I'm trying to replace rabbit mq with apache-kafka and while planning, I bumped in to several conceptual planning problem.
First we are using rabbit mq for per user queue policy meaning each user uses one queue. This suits our need because each user represent some job to be done with that particular user, and if that user causes a problem, the queue will never have a problem with other users because queues are seperated ( Problem meaning messages in the queue will be dispatch to the users using http request. If user refuses to receive a message (server down perhaps?) it will go back in retry queue, which will result in no loses of message (Unless queue goes down))
Now kafka is fault tolerant and failure safe because it write to a disk.
And its exactly why I am trying to implement kafka to our structure.
but there are problem to my plannings.
First, I was thinking to create as many topic as per user meaning each user would have each topic (What problem will this cause?

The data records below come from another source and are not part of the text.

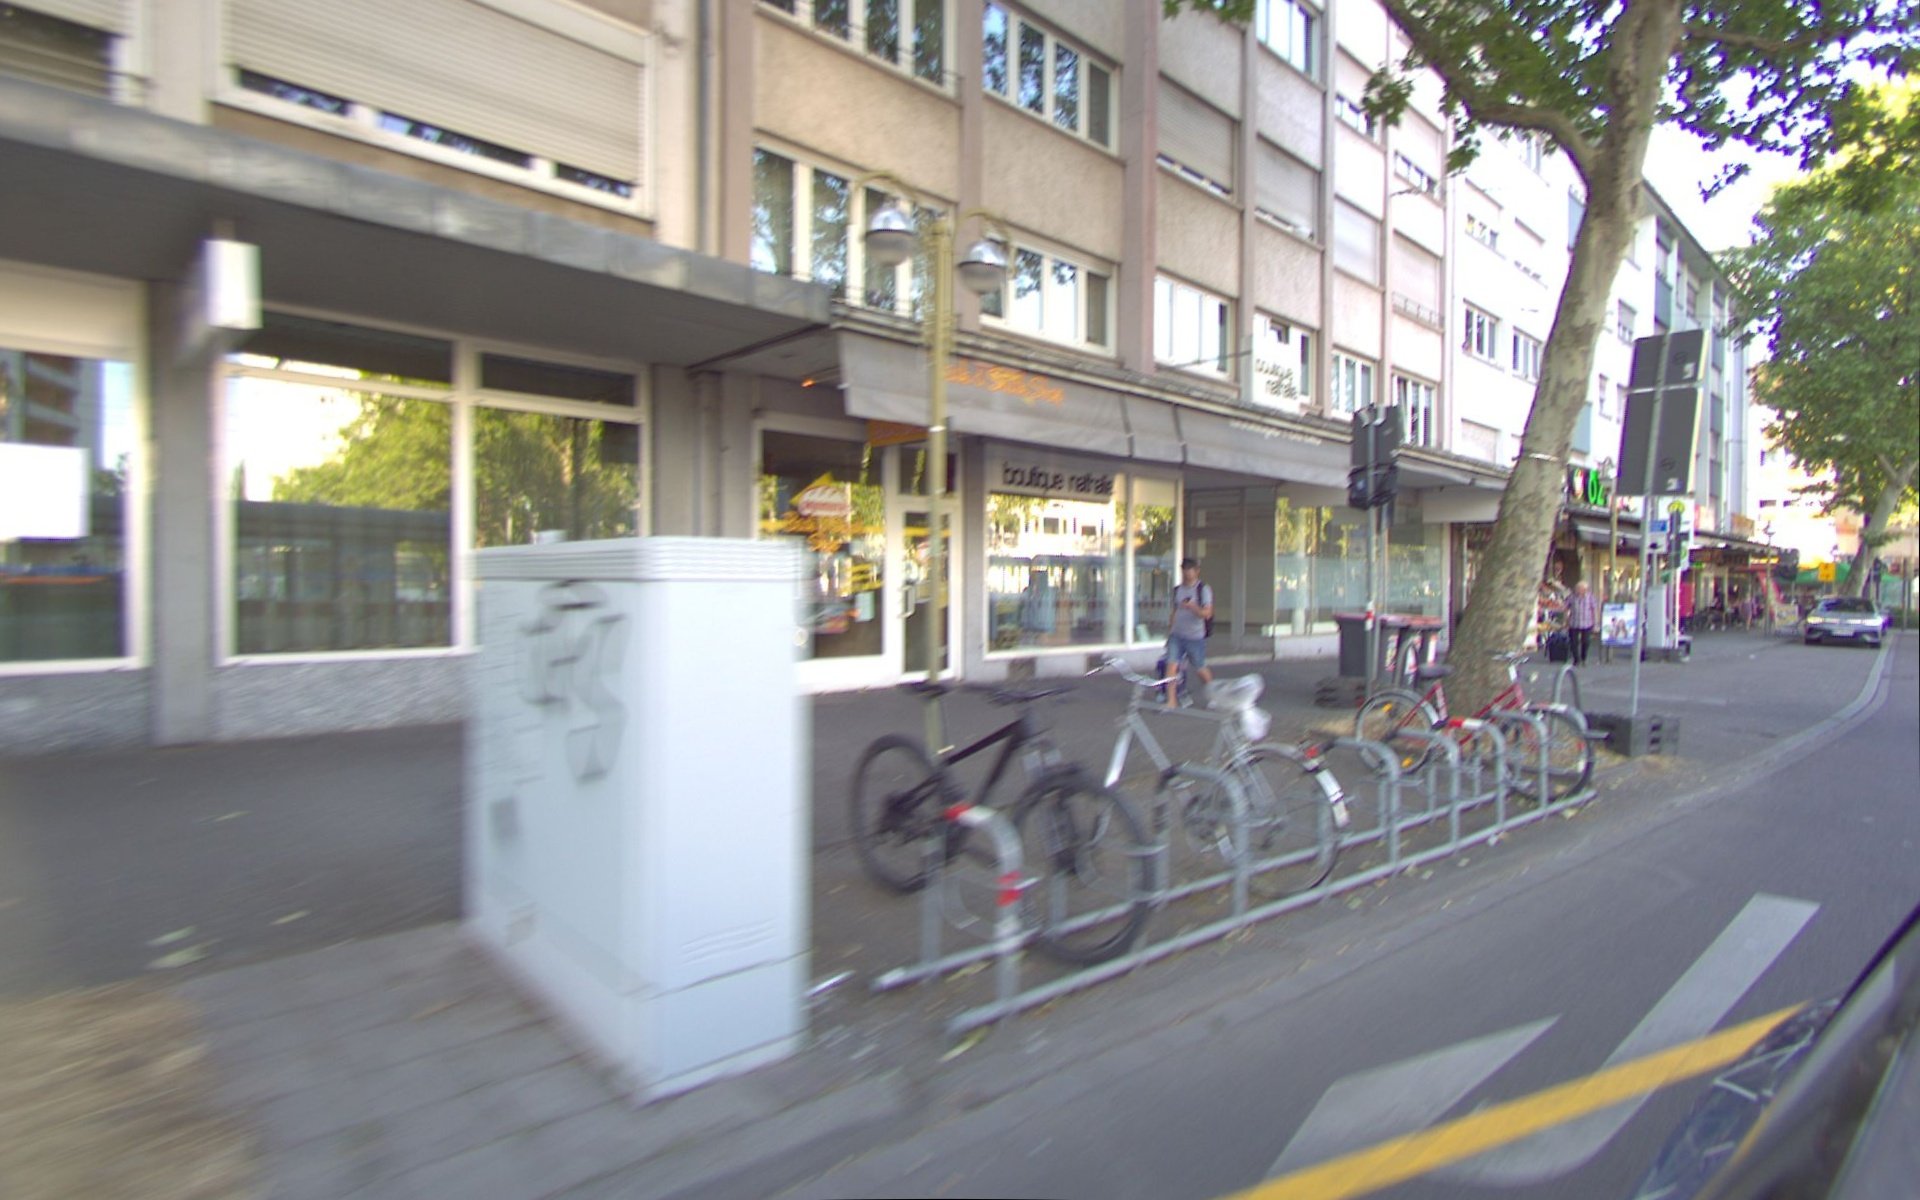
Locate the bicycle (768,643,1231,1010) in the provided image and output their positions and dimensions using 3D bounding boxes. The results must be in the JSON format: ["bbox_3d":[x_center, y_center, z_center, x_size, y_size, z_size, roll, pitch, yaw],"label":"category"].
[{"bbox_3d":[0.074,0.807,4.383,1.987,1.071,0.758,3,2,44],"label":"bicycle"}]

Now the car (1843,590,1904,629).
[{"bbox_3d":[38.603,0.367,42.748,3.739,1.497,1.656,0,2,-45],"label":"car"}]

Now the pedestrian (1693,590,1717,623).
[{"bbox_3d":[29.545,0.248,40.142,0.596,1.281,0.645,0,1,-44],"label":"pedestrian"}]

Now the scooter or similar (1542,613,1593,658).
[{"bbox_3d":[12.189,0.699,20.330,0.566,0.854,0.733,0,1,0],"label":"scooter or similar"}]

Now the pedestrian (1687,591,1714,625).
[{"bbox_3d":[27.736,0.301,37.909,0.699,1.243,0.676,0,1,-45],"label":"pedestrian"}]

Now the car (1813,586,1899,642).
[{"bbox_3d":[28.882,0.392,32.585,1.918,1.617,4.717,2,2,43],"label":"car"}]

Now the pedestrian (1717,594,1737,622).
[{"bbox_3d":[31.296,0.322,41.284,0.514,1.148,0.504,1,1,24],"label":"pedestrian"}]

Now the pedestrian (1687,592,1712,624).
[{"bbox_3d":[28.356,0.291,38.807,0.699,1.191,0.676,0,1,-44],"label":"pedestrian"}]

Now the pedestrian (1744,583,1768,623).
[{"bbox_3d":[31.983,0.122,40.668,0.631,1.579,0.584,0,2,-42],"label":"pedestrian"}]

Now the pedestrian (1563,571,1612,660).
[{"bbox_3d":[12.173,0.296,19.649,0.637,1.694,0.554,0,0,10],"label":"pedestrian"}]

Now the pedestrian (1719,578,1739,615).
[{"bbox_3d":[35.949,-0.159,47.298,0.707,1.730,0.668,0,0,40],"label":"pedestrian"}]

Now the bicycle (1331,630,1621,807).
[{"bbox_3d":[3.771,0.805,7.504,1.789,1.034,0.634,3,2,44],"label":"bicycle"}]

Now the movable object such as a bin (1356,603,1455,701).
[{"bbox_3d":[5.504,0.614,12.486,1.208,1.088,0.674,0,3,-44],"label":"movable object such as a bin"}]

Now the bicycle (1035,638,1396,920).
[{"bbox_3d":[1.232,0.802,5.194,0.633,1.071,1.716,0,2,-42],"label":"bicycle"}]

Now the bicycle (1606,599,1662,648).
[{"bbox_3d":[16.957,0.559,25.450,0.777,1.117,2.232,4,3,43],"label":"bicycle"}]

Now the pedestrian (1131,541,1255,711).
[{"bbox_3d":[2.471,0.242,10.741,0.974,1.694,0.844,0,2,-44],"label":"pedestrian"}]
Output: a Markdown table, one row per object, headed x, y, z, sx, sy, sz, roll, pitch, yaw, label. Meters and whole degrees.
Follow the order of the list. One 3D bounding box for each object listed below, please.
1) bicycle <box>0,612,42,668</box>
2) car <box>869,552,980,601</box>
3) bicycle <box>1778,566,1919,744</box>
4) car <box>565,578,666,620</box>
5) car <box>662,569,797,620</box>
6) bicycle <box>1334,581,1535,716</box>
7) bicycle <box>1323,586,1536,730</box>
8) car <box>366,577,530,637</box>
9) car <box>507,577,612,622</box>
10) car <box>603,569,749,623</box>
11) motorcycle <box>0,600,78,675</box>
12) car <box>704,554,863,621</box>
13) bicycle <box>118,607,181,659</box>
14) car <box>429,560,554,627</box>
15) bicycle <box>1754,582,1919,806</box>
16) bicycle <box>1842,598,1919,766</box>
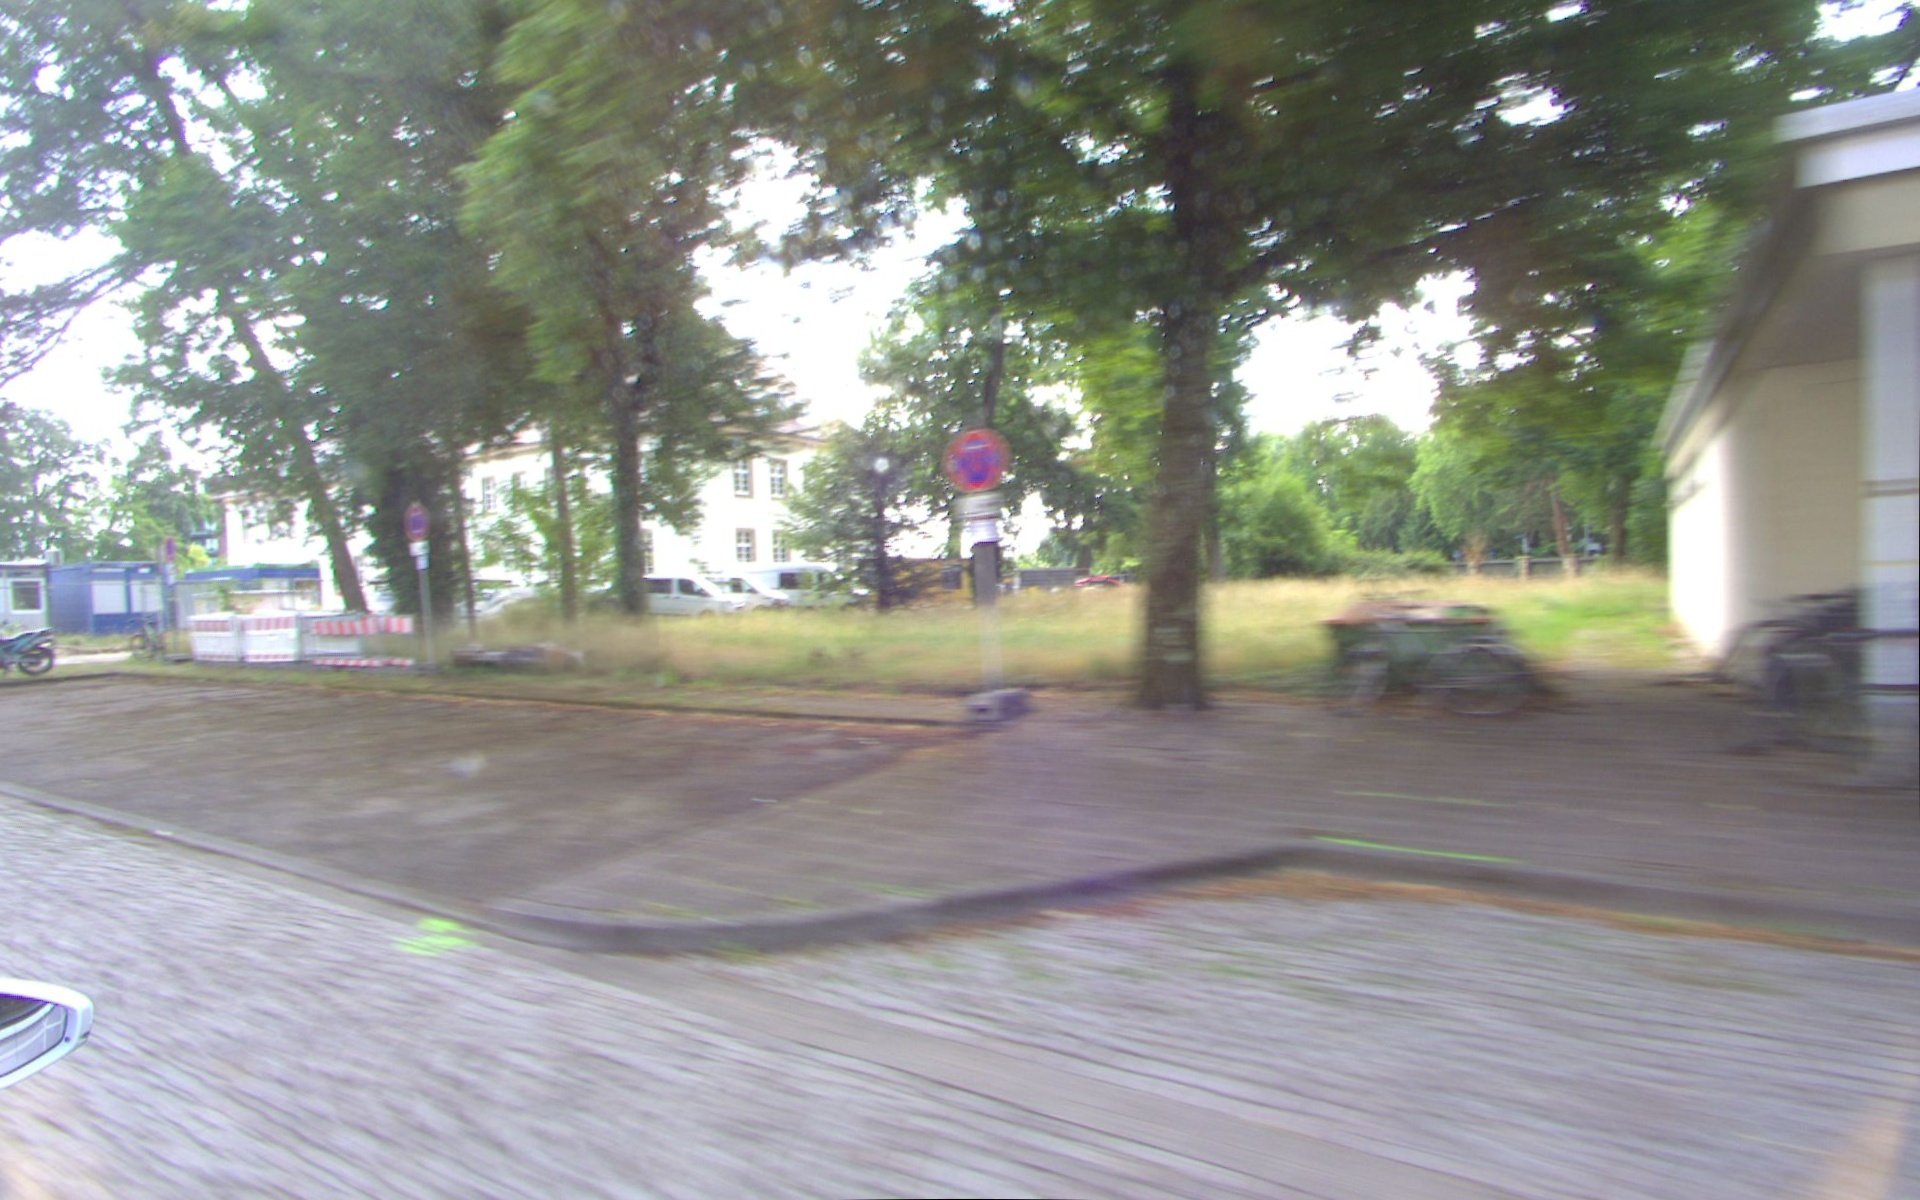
| x | y | z | sx | sy | sz | roll | pitch | yaw | label |
| --- | --- | --- | --- | --- | --- | --- | --- | --- | --- |
| -21.909 | 0.921 | 22.427 | 1.882 | 1.214 | 0.650 | -3 | 2 | -39 | bicycle |
| -1.571 | -1.062 | 47.910 | 2.181 | 2.123 | 6.127 | -1 | 0 | 33 | car |
| 6.898 | 0.361 | 7.693 | 0.599 | 1.181 | 1.738 | -1 | 3 | 28 | bicycle |
| -16.196 | -0.008 | 47.035 | 4.808 | 1.849 | 1.988 | -1 | 0 | 34 | car |
| -9.046 | -0.194 | 39.556 | 4.780 | 1.849 | 2.000 | -1 | 0 | 5 | car |
| 4.347 | 0.417 | 9.200 | 1.611 | 1.132 | 0.595 | -1 | 3 | 31 | bicycle |
| 4.043 | 0.471 | 8.654 | 1.611 | 1.132 | 0.595 | -1 | 3 | 31 | bicycle |
| -18.015 | 0.182 | 35.484 | 1.879 | 1.947 | 4.845 | 1 | 2 | 33 | car |
| -17.799 | -0.001 | 44.406 | 4.808 | 1.849 | 1.988 | -1 | 0 | 34 | car |
| -10.455 | -0.146 | 37.110 | 4.780 | 1.849 | 2.000 | -1 | 0 | 5 | car |
| -19.998 | 0.788 | 20.849 | 0.745 | 1.505 | 2.274 | -1 | 2 | 27 | motorcycle |
| -7.393 | -0.511 | 42.289 | 6.297 | 2.612 | 2.000 | -1 | 0 | 3 | car |
| -19.635 | 0.787 | 24.247 | 1.879 | 1.185 | 0.640 | -1 | 2 | 35 | bicycle |
| -19.446 | -0.208 | 41.417 | 5.830 | 2.589 | 1.988 | -1 | 0 | 35 | car |
| 5.381 | 0.488 | 6.064 | 0.332 | 1.124 | 1.677 | -1 | 3 | 19 | bicycle |
| 6.246 | 0.523 | 5.817 | 0.744 | 0.990 | 1.745 | -2 | 2 | 2 | bicycle |

My max estimate is that I will have around 1~5 million topics)
Second, If I decide to go for topics based on operation and partition by random hash of users id, if there was a problem with one user not consuming message currently, will the all user in the partition have to wait ? What would be the best way to structure this situation?
So as conclusion, 1~5 millions users. We do not want to have one user blocking large number of other users being processed. Having topic per user will solve this issue, it seems like there might be an issue with zookeeper if such large number gets in (Is this true? )
what would be the best solution for structuring? Considering scalability?
First, I was thinking to create as many topic as per user meaning each user would have each topic (What problem will this cause? My max estimate is that I will have around 1~5 million topics)
I would advise against modeling like this.
Google around for "kafka topic limits", and you will find the relevant considerations for this subject. I think you will find you won't want to make millions of topics.
Second, If I decide to go for topics based on operation and partition by random hash of users id
Yes, have a single topic for these messages and then route those messages based on the relevant field, like user_id or conversation_id. This field can be present as a field on the message and serves as the ProducerRecord key that is used to determine which partition in the topic this message is destined for. I would not include the operation in the topic name, but in the message itself.
if there was a problem with one user not consuming message currently, will the all user in the partition have to wait ? What would be the best way to structure this situation?
This depends on how the users are consuming messages. You could set up a timeout, after which the message is routed to some "failed" topic. Or send messages to users in a UDP-style, without acks. There are many ways to model this, and it's tough to offer advice without knowing how your consumers are forwarding messages to your clients.
Also, if you are using Kafka Streams, make note of the StreamPartitioner interface. This interface appears in KStream and KTable methods that materialize messages to a topic and may be useful in a chat applications where you have clients idling on a specific TCP connection.